Program received signal SIGSEGV, Segmentation fault.   ## valgrind deliberate
0x62c6cc0c in ?? ()
(gdb) x/i $pc
=> 0x62c6cc0c:	str	r9, [r11]
(gdb) x/12i $pc-6*4
    0x62c6cbf4:	ldr	r9, [r8, #416]	; 0x1a0
    0x62c6cbf8:	mov	r1, r9
    0x62c6cbfc:	movw	r2, #62156	; 0xf2cc
    0x62c6cc00:	movt	r2, #22528	; 0x5800
    0x62c6cc04:	blx	r2
    0x62c6cc08:	ldr	r9, [r8, #16]
=> 0x62c6cc0c:	str	r9, [r11]
    0x62c6cc10:	add	r9, r11, #4
    0x62c6cc14:	mov	r0, r9
    0x62c6cc18:	ldr	r3, [r8, #420]	; 0x1a4
    0x62c6cc1c:	mov	r1, r3
    0x62c6cc20:	movw	r2, #62156	; 0xf2cc
(gdb) c
Continuing.
==426==
==426== HEAP SUMMARY:
==426==     in use at exit: 0 bytes in 0 blocks
==426==   total heap usage: 0 allocs, 0 frees, 0 bytes allocated
==426==
==426== All heap blocks were freed -- no leaks are possible
==426==
==426== For lists of detected and suppressed errors, rerun with: -s
==426== ERROR SUMMARY: 0 errors from 0 contexts (suppressed: 0 from 0)

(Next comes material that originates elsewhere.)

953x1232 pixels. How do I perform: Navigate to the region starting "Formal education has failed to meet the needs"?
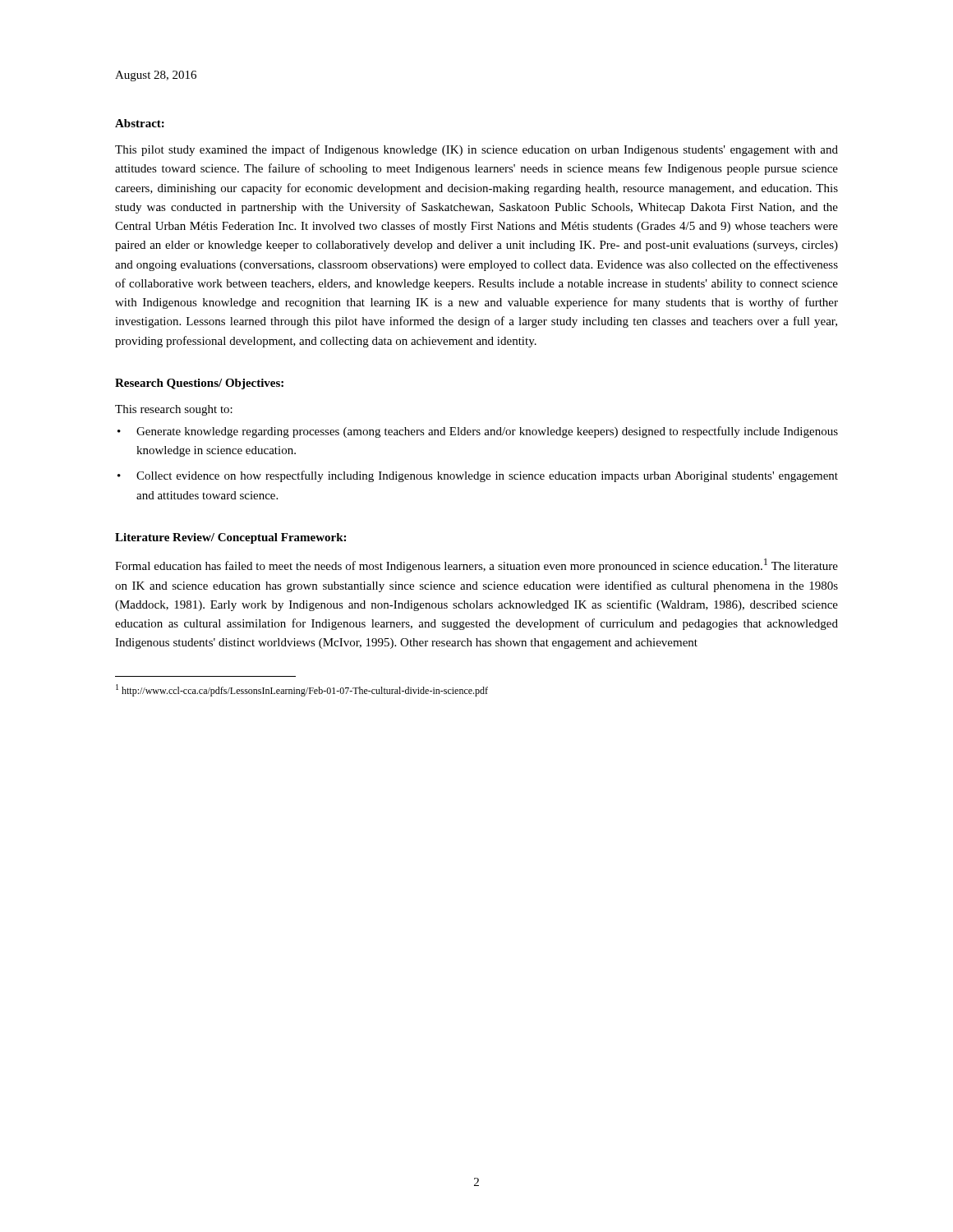click(476, 603)
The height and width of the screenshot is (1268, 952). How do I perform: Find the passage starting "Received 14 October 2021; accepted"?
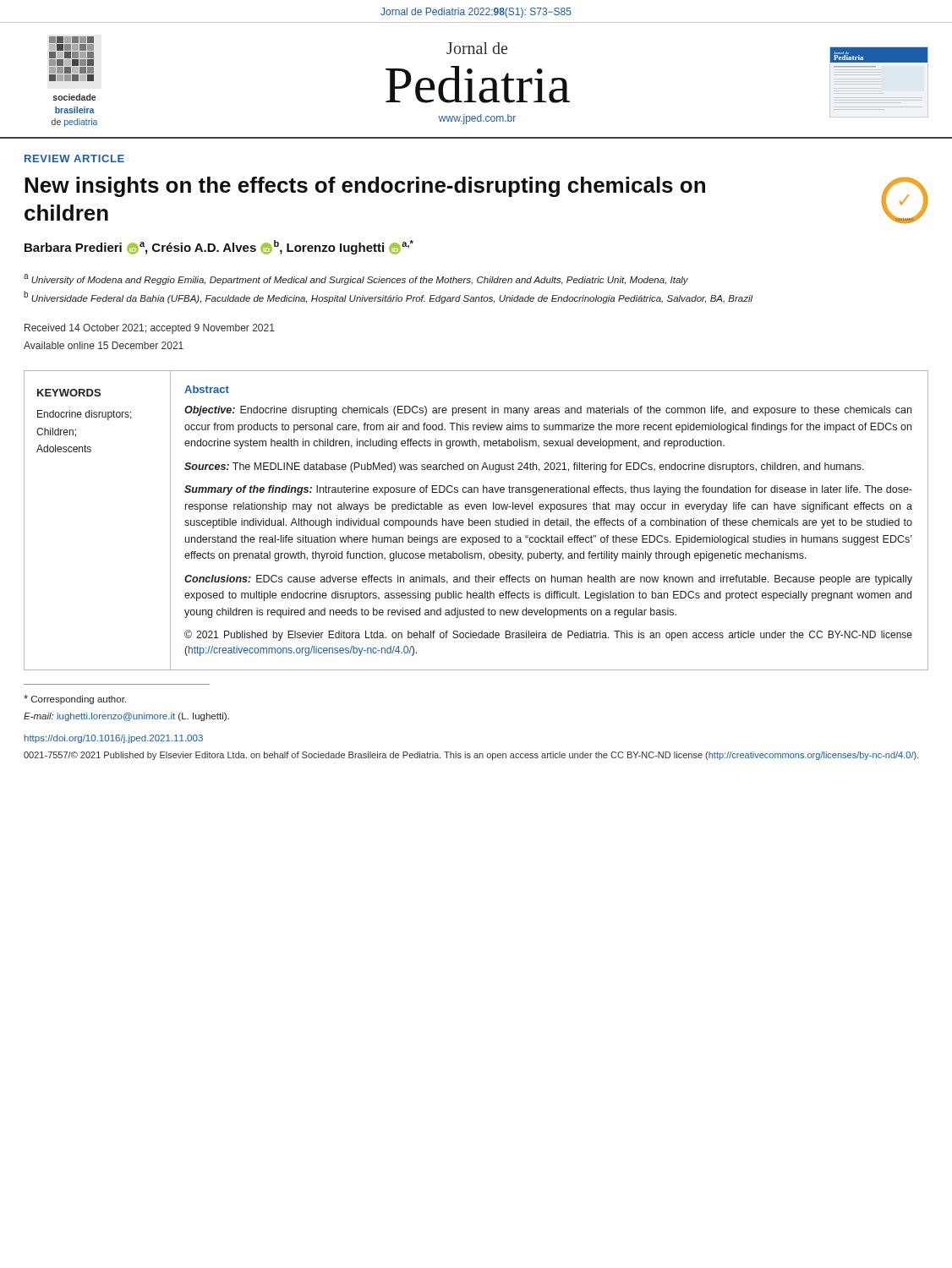[149, 337]

[Inferior 1 (process 426) exited normally]
-----

You also can use something like
    objdump --disassemble=subroutine_name
to be sure that the executing process matches the built software file.

Right now I cannot reproduce SIGILL, so I cannot dig in further.
Based on the software that I built and ran: valgrind is not to blame;
the problem lies with the compiler, operating system, or hardware.
(In the last two months I have had four hardware failures:
a 5-port ethernet switch, the sound output on a 12-year old
consumer desktop PC, the sound output on a 5-year old
self-built x86_64 desktop, and the power brick for a RaspberryPi.)